Thoughts after ‘wrapping’ principle photography on our new television series, SMALL MIRACLES.
“And….Action!” Words I never thought would come from my mouth again after I turned my back on Hollywood more than 10 years ago. I’d spent twenty years in that ‘Business’ and I was cooked. Fried. More roadkill on the Media Highway. I’d had much success and ample heartbreak. I ate and schmoozed my way from Bob’s Big Boy to the ‘A’ tables at the Beverly Hills Grill. I went from ‘Renegade’ New York City filmmaker to smoking big fat Cuban cigars with Arnold Schwartzenegger and entourage at the ‘Havana Room’. I saw my scripts and movies turned to unrecognizable mush by the Machine, but kept collecting the pay days. I was away from my family constantly, seeking that illusionary ‘Holy Grail’ that says Power and Money will set you free. And with all this, I had a hole inside me, growing larger and larger. A Black Hole that is inconsolable, seemingly impossible to fill, infinite, dark, and lonely. A Hole that sucked me into it’s horribly bleak confines and took me into a deep deep place, just steps away from Oblivion.
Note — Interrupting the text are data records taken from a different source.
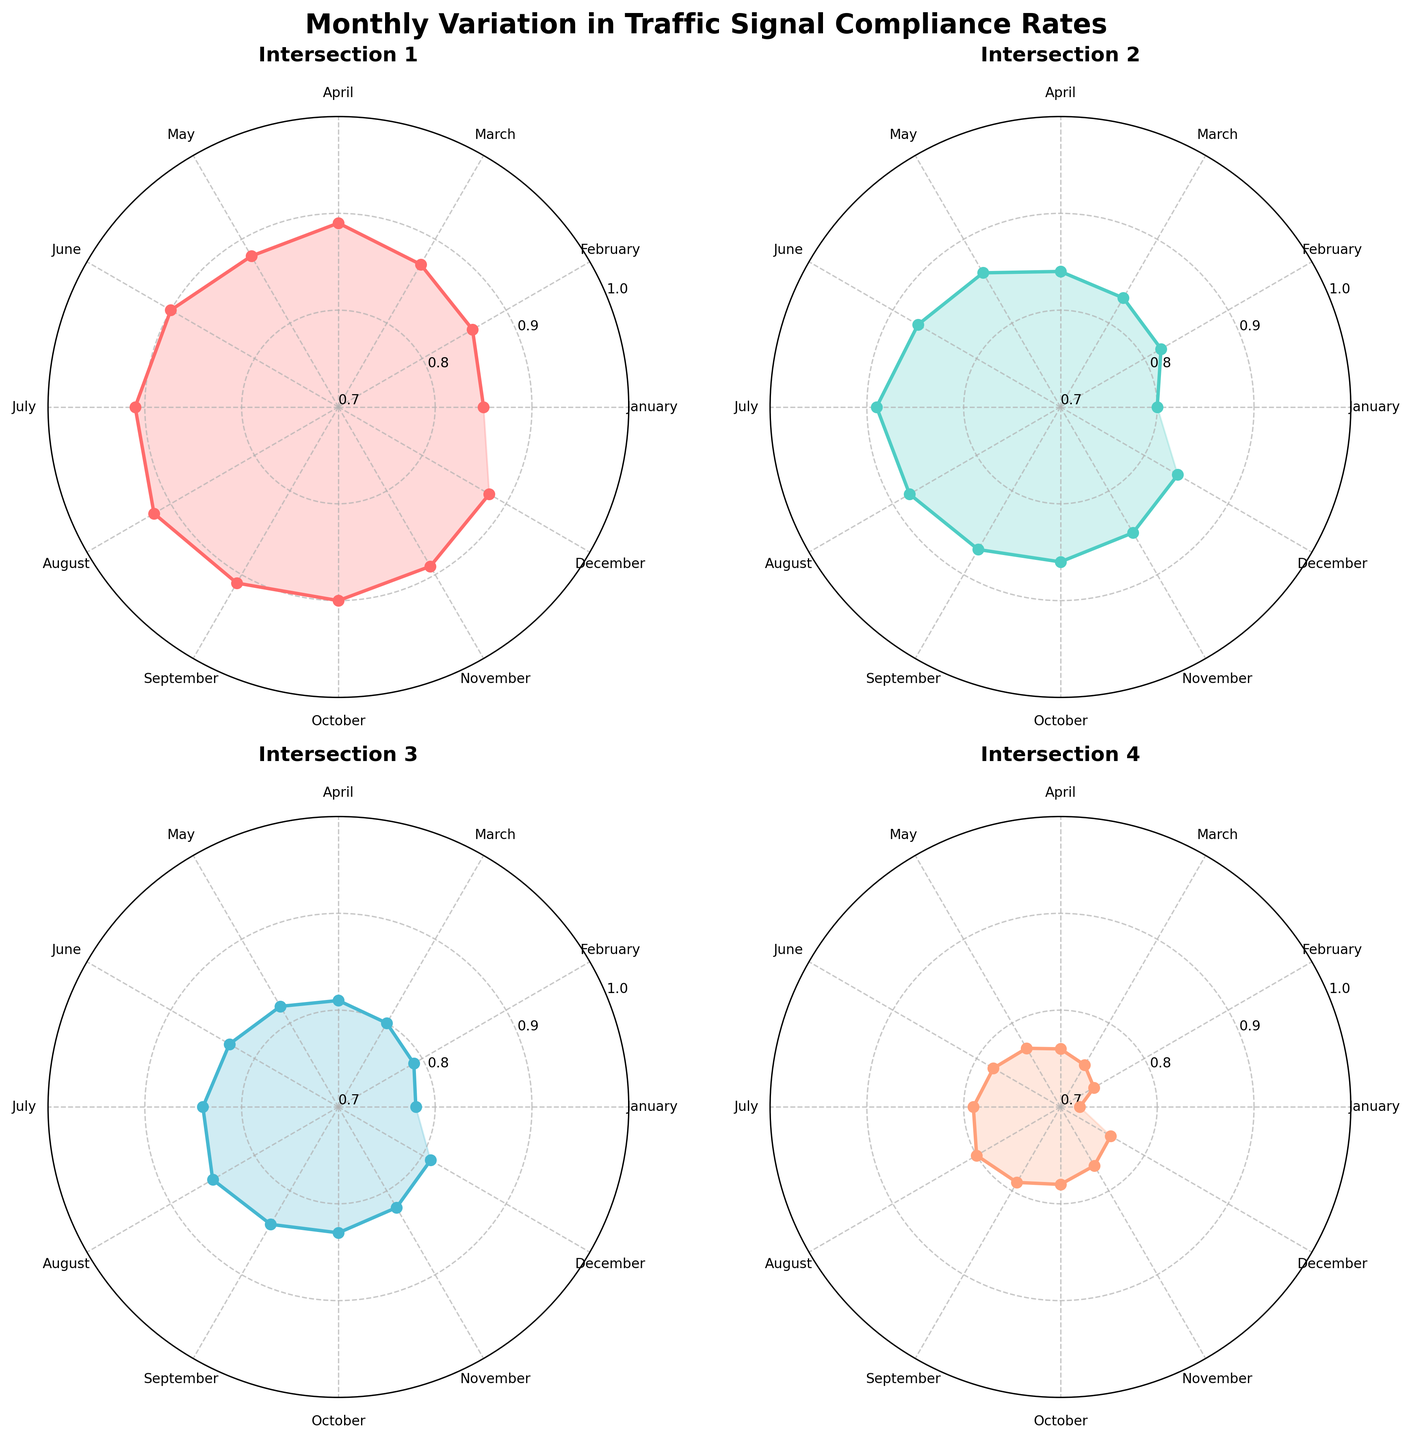What is the title of the figure? The title is usually found at the top of the figure, concisely describing the content of the plot. It is "Monthly Variation in Traffic Signal Compliance Rates."
Answer: Monthly Variation in Traffic Signal Compliance Rates Which intersection has the lowest compliance rate in January? In January, Intersection 4 has the lowest compliance rate. This can be visually determined by looking at the starting points on the radial plot which shows the January values for all intersections. Intersection 4 starts at a lower value compared to the others.
Answer: Intersection 4 Which month shows the highest compliance rate for Intersection 1? The highest compliance rate for Intersection 1 is observed in August, depicted by the peak value on its respective subplot.
Answer: August Compare the compliance rates of Intersections 2 and 3 in June. Which one is higher? By comparing the values at the June mark on both subplots for Intersections 2 and 3, it is clear that Intersection 2 has a higher value.
Answer: Intersection 2 Calculate the average compliance rate for Intersection 4 over the year. Sum the monthly compliance rates for Intersection 4 and divide by the number of months (12): (0.72 + 0.74 + 0.75 + 0.76 + 0.77 + 0.78 + 0.79 + 0.80 + 0.79 + 0.78 + 0.77 + 0.76) / 12 ≈ 0.764
Answer: 0.764 Which intersection has the most gradual increase in compliance rates from January to December? To find the intersection with the most gradual increase, observe the slopes of the lines plotted for each intersection. Intersection 3 shows a relatively smooth and gradual increase compared to others with visible spikes or dips.
Answer: Intersection 3 What is the compliance rate difference between July and November for Intersection 1? Look at the respective compliance rates for Intersection 1 in July (0.91) and November (0.89), then calculate the difference: 0.91 - 0.89 = 0.02
Answer: 0.02 How many intersections have a compliance rate above 0.90 in August? Observe the values for August on each subplot. Intersection 1 (0.92) and Intersection 3 (0.85) have values above 0.90. So, just one intersection meets this criterion.
Answer: One During which month is the compliance rate the same for Intersections 3 and 4? Carefully observe the monthly rates on both subplots; both Intersections 3 and 4 have the same compliance rate (0.79) in July and September.
Answer: July and September

This is all true. But the details of this time, and the Miracles that had to occur so I not only survived this Journey, but somehow flourished and let G-d and my Spiritual Path fill that hole, are meant to tell at another time. So we will ‘CUT TO’ ten years later. Years spent working with young people, learning Torah, being granted the right to be called ‘Rabbi Moshe Mones’, opening a beautiful, small, synagogue, getting a serious physical illness (piece of cake compared to the ‘Black Hole’), and the year became 2012. The year I met my phenomenal partner and human being, Darren Schwartz, and the year that our feature film DOVID MEYER was birthed, as well as the seeds to our new show SMALL MIRACLES. And for sure, all that I’ll be telling you is indeed, miraculous.